W ocenie szefa PKW Stefana Jaworskiego, liczba osób, które zgłosiły chęć przesłania swojego głosu listownie jest "rzeczywiście niewielka", w porównaniu z liczbą Polaków mieszkających za granicą.

Zgodnie z Kodeksem wyborczym, głosowanie za granicą (a także na polskich statkach morskich) odbywa się między godziną 7.00 a 21.00 czasu miejscowego. Jeżeli głosowanie miałoby być zakończone w dniu następnym po dniu głosowania w kraju, przeprowadza się je dzień wcześniej.

Do konsulatów najbardziej obłożonych pracą w czasie wyborów MSZ skierowało kilkanaście dodatkowych osób. Aby uniknąć kolejek, kilkanaście placówek zatrudniło też dodatkowy personel na miejscu.
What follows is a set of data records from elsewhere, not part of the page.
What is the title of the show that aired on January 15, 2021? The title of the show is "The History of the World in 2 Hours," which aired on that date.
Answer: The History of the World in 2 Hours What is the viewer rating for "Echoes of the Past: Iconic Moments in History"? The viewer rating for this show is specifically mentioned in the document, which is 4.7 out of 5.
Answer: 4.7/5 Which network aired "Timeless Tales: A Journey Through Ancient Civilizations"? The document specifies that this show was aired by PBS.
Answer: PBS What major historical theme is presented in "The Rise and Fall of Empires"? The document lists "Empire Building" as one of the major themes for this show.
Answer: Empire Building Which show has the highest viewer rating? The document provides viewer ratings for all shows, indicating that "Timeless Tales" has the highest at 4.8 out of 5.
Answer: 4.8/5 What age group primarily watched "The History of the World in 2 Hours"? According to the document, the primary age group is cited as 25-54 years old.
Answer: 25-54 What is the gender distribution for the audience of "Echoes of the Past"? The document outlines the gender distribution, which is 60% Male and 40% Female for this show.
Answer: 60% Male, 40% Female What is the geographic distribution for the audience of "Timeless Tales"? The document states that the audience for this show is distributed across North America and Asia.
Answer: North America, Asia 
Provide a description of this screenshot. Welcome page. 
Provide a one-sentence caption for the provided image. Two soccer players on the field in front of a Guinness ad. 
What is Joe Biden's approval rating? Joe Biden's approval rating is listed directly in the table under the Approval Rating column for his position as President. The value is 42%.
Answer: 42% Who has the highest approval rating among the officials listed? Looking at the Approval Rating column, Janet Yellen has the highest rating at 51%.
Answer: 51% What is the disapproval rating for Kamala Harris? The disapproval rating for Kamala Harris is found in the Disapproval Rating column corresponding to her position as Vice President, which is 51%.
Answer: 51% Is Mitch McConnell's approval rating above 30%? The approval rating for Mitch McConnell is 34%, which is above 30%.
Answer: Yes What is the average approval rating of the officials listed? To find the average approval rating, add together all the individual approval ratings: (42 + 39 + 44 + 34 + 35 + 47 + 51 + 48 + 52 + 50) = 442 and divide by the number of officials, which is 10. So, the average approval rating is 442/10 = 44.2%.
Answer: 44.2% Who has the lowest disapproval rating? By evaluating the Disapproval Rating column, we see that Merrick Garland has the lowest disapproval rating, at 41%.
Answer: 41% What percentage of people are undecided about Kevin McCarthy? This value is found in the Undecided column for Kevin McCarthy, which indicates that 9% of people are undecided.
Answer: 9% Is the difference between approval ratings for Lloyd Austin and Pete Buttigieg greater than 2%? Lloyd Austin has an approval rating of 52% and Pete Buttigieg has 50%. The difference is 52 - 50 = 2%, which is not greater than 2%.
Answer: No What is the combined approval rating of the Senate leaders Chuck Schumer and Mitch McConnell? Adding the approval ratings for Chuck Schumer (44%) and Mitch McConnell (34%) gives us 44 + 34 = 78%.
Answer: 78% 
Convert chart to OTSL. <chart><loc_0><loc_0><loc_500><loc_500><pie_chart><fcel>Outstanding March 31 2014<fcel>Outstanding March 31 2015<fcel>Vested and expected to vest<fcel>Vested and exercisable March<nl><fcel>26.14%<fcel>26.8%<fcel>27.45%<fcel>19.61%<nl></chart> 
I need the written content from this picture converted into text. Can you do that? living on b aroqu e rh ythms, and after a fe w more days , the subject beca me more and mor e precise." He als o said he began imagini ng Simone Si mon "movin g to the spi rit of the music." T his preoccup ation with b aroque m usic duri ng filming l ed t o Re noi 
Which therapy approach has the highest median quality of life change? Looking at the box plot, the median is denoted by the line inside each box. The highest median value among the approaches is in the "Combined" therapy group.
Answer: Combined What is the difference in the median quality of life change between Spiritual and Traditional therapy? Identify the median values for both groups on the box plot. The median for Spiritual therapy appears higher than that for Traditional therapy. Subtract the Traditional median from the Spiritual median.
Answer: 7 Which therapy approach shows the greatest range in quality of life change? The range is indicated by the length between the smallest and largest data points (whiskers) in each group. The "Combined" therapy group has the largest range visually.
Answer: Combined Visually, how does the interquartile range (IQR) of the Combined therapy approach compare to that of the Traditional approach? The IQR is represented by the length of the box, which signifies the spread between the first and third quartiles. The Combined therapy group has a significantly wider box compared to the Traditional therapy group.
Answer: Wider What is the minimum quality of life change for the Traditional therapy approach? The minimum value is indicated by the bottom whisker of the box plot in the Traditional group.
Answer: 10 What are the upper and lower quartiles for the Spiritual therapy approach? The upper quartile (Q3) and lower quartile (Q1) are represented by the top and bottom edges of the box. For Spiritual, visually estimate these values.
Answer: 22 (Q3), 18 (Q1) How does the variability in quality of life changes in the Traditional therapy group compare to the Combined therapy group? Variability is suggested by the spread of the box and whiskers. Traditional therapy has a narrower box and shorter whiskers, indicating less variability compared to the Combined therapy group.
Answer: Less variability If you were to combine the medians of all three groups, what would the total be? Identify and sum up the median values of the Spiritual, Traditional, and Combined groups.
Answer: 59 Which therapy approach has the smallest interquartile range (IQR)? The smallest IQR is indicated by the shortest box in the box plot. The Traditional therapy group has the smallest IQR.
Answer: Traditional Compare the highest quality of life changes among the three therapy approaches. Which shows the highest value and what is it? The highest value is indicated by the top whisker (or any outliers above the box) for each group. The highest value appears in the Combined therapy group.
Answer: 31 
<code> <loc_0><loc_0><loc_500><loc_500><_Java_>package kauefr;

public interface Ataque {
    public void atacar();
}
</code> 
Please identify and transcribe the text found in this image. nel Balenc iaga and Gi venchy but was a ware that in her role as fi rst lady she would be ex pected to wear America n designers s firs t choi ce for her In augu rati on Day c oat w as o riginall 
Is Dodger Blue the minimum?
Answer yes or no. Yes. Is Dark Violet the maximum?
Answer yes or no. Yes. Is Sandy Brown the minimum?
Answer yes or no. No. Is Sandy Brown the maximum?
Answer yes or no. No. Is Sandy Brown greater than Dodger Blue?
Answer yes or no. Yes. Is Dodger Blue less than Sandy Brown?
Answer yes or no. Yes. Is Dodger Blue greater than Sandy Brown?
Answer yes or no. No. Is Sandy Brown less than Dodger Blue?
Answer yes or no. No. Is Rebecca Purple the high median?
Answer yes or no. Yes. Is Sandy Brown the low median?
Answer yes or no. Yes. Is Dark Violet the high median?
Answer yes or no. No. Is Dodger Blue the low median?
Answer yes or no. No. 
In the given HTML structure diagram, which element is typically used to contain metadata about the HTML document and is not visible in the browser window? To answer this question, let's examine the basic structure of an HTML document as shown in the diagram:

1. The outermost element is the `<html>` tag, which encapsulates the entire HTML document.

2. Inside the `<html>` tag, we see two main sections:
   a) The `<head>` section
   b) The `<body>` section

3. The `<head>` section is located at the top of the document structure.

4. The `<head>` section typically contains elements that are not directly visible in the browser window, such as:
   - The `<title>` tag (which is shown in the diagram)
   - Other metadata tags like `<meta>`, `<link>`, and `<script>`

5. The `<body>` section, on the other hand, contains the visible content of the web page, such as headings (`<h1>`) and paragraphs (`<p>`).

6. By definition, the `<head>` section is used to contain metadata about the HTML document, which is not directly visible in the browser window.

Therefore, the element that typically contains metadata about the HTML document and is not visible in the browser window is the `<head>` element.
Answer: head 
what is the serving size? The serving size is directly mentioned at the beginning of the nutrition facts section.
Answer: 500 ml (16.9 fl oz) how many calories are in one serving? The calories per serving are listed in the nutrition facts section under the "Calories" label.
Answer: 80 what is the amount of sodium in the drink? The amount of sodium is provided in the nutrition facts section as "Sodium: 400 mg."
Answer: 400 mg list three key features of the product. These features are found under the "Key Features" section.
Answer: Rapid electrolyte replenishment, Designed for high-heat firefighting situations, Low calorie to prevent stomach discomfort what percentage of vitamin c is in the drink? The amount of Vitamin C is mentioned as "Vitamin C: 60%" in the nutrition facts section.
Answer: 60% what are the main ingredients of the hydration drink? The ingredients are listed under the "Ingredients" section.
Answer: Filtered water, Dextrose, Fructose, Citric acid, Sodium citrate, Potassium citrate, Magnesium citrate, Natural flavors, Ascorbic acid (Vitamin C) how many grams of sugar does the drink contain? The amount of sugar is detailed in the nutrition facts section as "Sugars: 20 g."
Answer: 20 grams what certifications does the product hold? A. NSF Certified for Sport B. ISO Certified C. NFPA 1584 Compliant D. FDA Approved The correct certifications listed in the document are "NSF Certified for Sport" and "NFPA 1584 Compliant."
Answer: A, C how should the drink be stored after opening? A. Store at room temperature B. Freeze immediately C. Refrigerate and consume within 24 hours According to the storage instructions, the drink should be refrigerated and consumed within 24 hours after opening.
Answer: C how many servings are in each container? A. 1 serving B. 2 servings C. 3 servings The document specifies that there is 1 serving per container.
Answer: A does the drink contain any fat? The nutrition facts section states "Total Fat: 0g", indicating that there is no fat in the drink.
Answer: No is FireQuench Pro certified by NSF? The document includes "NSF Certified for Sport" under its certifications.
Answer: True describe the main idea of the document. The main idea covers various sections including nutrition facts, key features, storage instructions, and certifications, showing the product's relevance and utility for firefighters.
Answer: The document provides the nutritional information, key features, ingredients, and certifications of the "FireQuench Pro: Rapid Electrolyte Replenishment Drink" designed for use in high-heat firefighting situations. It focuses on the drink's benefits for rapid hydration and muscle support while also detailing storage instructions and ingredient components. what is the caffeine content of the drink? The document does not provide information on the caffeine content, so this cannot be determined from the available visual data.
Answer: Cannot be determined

Wszystkie osoby za granicą będą głosować na kandydatów na posłów startujących w Warszawie i na kandydata na senatora kandydującego w warszawskim okręgu obejmującym dzielnice: Śródmieście, Białołękę, Bielany i Żoliborz.

Z okręgu tego do Sejmu wejdzie 20 posłów. Głosujący za granicą mają do wyboru 261 kandydatów z 7 list.

To w tym okręgu startują liderzy swoich ugrupowań: Jarosław Kaczyński - PiS, Janusz Palikot - Ruch Palikota, Donald Tusk - PO. "Jedynką" na warszawskiej liście jest też Anna Janiszewska - Polska Partia Pracy, Ryszard Kalisz - SLD, Władysław Kozakiewicz - PSL, Paweł Poncyljusz - PJN.

Głosując do Senatu za granicą, można wybrać spośród czterech osób. Są to: reżyserka Barbara Borys-Damięcka (KW PO), muzyk Włodzimierz Izban (KW PSL), prawnik Jerzy Wojciech Krzekotowski (KWW Jerzego Krzekotowskiego) i aktorka Katarzyna Janina Łaniewska-Błaszczak (KW PiS). Do Senatu dostanie się tylko jedna z tych osób.

W poprzednich wyborach parlamentarnych w roku 2007 za granicą stworzono 205 obwodów do głosowania. Z danych PKW wynika, że w sumie za granicą (w tym także na polskich statkach) w wyborach do Sejmu w 2007 r. oddano 151 tys. 334 głosy.